▶ **TASK**:
Please restate, word for word, the lines below that begin at the one with "Needed: 3D bounding" and end at the one with "- round machined part (65, 0, 120, 55)". Leave out all other lines.

(Saved entries)
BEGIN

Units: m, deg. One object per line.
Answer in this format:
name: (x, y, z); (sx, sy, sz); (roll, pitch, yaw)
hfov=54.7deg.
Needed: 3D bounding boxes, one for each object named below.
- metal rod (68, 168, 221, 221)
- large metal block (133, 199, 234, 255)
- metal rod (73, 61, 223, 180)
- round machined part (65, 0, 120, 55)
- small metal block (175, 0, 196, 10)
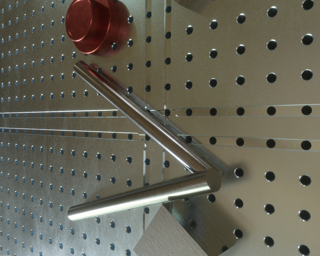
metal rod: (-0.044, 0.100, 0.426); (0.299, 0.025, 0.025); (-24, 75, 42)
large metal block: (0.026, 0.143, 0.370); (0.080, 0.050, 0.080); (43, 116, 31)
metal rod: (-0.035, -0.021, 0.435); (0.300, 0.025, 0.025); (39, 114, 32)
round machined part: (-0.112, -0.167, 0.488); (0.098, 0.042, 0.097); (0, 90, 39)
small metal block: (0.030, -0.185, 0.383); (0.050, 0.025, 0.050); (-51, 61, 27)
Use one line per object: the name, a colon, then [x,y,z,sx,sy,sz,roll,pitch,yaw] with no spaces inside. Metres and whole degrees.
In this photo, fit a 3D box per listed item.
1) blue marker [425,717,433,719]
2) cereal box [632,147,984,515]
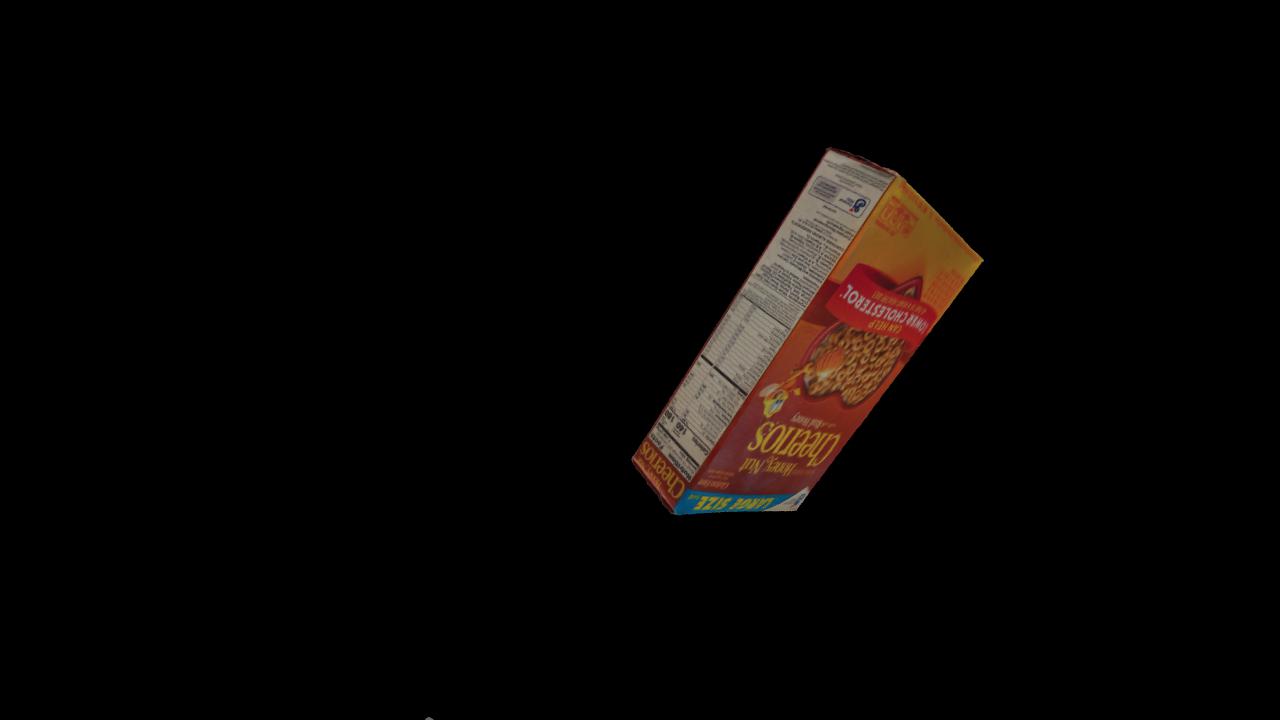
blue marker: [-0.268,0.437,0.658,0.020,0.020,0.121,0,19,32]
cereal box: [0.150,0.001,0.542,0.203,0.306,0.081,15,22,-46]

END

▶ **YOUR RESPONSE**:
Needed: 3D bounding boxes, one for each object named below.
- metal rod (68, 168, 221, 221)
- large metal block (133, 199, 234, 255)
- metal rod (73, 61, 223, 180)
- round machined part (65, 0, 120, 55)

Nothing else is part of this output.